Time for a Reset? Better than some of the options

In an earlier post I mentioned an article by Kurt Andersen.  I liked his piece so much that I checked out his website and found that he has recently published Reset: How This Crisis Can Restore Our Values and Renew America“Values” can be a tricky word in America, as it can mean conservative Christianity.  I have nothing against conservative Christianity, per se, but those aren’t the values I see missing in America, but after reading the blurb on Amazon.com, I decided to read for myself.  And I’m very glad that I did.

While I didn’t agree with all Andersen had to say, I do recommend the book–more of a long essay, really–to anyone interested in the future of America.  The part that had me nodding my head in agreement was his argument that basically my generation of Americans needs to grow up on many levels.  He used the tale of the grasshopper and the ant.  The grasshopper plays all summer while the ant works hard preparing for the coming winter.  Andersen compares America of the past 30 years–since the Reagan years and just when my generation was coming of age–to the grasshopper.  And he points out that Americans used to be ants.  We’ve had cycles, and we needed that grasshopper streak in order to become what we’ve become, but it’s been dominant too long now.  As he put it, “it’s simply time to ratchet back our wild and crazy grasshopper side and get in touch with our inner ant” (20).

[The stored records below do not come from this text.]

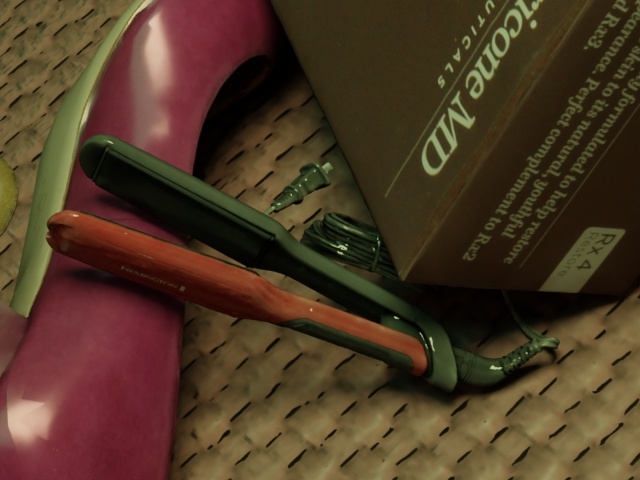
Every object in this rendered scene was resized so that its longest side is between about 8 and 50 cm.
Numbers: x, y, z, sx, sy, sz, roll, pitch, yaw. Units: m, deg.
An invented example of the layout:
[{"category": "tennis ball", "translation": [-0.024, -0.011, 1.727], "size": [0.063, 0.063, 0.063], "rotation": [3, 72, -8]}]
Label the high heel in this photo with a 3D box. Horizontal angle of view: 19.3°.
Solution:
[{"category": "high heel", "translation": [-0.067, -0.005, 0.919], "size": [0.181, 0.127, 0.377], "rotation": [40, 62, -1]}]

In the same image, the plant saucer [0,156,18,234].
[{"category": "plant saucer", "translation": [-0.203, -0.020, 1.004], "size": [0.083, 0.015, 0.083], "rotation": [-10, 53, 14]}]

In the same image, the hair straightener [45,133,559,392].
[{"category": "hair straightener", "translation": [0.000, 0.000, 0.835], "size": [0.230, 0.047, 0.089], "rotation": [19, 63, -3]}]

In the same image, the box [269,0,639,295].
[{"category": "box", "translation": [0.063, -0.176, 0.876], "size": [0.143, 0.191, 0.381], "rotation": [3, 45, -33]}]

One thing Andersen hopes this crisis will do is bring back America’s pragmatism.  We’re not the only pragmatic people in the world, but once upon a time we were very good at it.  So good at it, in fact, that probably the most influential school of homegrown American philosophy was called Pragmatism, and was founded in the 19th century by Charles Sanders Peirce and followed by some of our more well known philosophers, William James and John Dewey.  On some levels, they took a national trait and codified it into a philosophical tool.

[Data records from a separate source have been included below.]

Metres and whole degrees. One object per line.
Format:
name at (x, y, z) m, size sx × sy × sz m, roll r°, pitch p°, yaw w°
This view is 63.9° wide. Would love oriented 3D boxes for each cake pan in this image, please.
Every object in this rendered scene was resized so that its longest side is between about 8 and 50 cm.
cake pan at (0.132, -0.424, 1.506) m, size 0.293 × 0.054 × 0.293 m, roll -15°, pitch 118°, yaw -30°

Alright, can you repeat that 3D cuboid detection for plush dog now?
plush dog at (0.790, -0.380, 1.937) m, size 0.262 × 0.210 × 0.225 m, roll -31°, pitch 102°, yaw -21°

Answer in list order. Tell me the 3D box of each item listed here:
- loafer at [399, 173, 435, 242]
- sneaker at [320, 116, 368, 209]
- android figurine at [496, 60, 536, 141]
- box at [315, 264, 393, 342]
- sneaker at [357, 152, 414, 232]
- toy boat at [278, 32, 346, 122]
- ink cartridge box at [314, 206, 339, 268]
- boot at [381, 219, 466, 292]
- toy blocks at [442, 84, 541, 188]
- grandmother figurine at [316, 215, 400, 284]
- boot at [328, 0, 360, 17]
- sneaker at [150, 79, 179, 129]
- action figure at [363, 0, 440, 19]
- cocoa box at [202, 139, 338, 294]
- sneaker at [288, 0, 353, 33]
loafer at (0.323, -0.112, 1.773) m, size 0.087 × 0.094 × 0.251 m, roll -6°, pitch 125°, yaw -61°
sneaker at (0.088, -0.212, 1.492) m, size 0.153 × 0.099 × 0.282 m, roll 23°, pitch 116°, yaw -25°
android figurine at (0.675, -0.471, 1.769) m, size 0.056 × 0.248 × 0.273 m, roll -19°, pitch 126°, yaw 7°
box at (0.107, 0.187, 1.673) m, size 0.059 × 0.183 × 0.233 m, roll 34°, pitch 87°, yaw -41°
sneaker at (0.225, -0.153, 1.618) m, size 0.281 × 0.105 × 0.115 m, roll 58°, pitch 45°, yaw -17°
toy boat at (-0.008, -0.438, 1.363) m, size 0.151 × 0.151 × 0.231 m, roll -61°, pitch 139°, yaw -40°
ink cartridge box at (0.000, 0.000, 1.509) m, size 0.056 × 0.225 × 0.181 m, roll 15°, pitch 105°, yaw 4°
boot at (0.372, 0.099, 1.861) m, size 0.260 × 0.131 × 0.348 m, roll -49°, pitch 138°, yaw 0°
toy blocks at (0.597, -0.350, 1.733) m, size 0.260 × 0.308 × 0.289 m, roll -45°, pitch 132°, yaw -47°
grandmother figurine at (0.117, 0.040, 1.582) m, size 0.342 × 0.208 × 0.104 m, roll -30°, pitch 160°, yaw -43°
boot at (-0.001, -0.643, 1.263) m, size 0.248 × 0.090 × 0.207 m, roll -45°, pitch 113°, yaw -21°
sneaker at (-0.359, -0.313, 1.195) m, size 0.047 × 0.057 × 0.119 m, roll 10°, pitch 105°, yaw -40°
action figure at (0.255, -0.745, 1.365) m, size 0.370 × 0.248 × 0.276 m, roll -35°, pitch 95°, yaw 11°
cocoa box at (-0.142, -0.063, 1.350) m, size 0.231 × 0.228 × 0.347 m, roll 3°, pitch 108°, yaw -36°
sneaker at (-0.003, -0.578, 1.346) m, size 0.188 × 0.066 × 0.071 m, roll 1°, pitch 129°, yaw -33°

Another great 19th century American school of thought was Transcendentalism, and one of its major proponents, Ralph Waldo Emerson, is also cited in the book.  To be very reductionist, the Trancendentalists encouraged people to work hard, develop themselves to their highest state, and spare resources and live frugally and in harmony with nature.  Henry David Thoreau, another Transcendentalist, was Emerson’s good friend and neighbor and is today best known for living in his hut by Walden Pond, an early proponent of “reduce, reuse, recycle.”

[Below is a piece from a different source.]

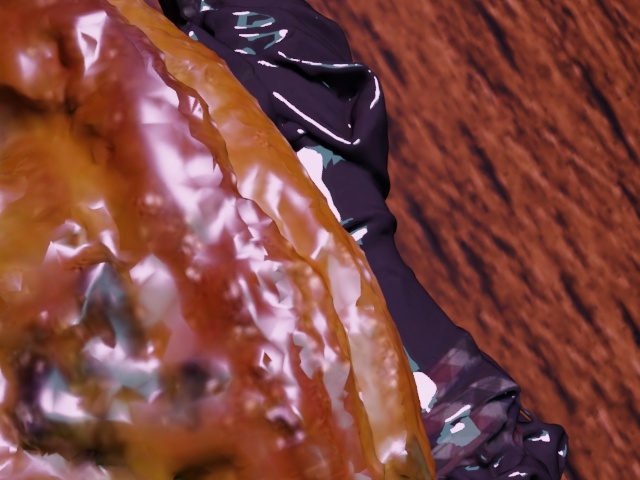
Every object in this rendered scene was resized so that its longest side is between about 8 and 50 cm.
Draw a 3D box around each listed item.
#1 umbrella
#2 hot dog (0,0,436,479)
[{"bbox_3d":[0.000,0.001,0.753,0.122,0.110,0.272,-16,79,-38],"label":"umbrella"},{"bbox_3d":[-0.116,0.063,0.635,0.267,0.174,0.387,-22,80,-19],"label":"hot dog"}]

Like many people, Andersen sees times of crisis as potential good.  As he says, “This is the end of the world as we’ve known it.  But it isn’t the end of the world” (17).  And some of the things in the world we’ve known haven’t been good.  Too few are in control of far too much; workers’ wages have not been increased at the same rate as the bosses’.  He gave some interesting statistics on this.  “An average American CEO has been getting paid several hundred times the salary of his average worker, a gap an order of magnitude longer than it was in the 1970s.  In Japan, the ratio is just eleven to one, and in Britain, twenty-two to one” (11).  America is a capitalist country, I get that.  But we’ve also given lip service to fairness and justice.

Andersen likened America at the beginning of the 21st century to the British Empire at the beginning of the 20th century.  While there was something in that, I must say that there are times when it reminds me much more of the Court of Versailles around 1785.  There was a very small ruling elite, sometimes giving lipservice to “the people,” but for the most part stuck in an Ancien Regime.  Back then, some were valiantly trying to bring the French government into a new era, but too many people were angry, hungry, jobless and frightened.  That was a recipe for disaster.  I’m not saying that there will be a violent and bloody revolution–21st century Americans aren’t that bloodthirsty towards their own kind–but I do think we’re heading for a major change and I fear it might be bumpier than we’d like.

Andersen’s book is short, only 72 pages long, but it gave me a lot to think about.  I post this to encourage you to have a read and have a think.

Andersen, Kurt. Reset: How This Crisis Can Restore Our Values and Renew America. New York: Random House, 2009.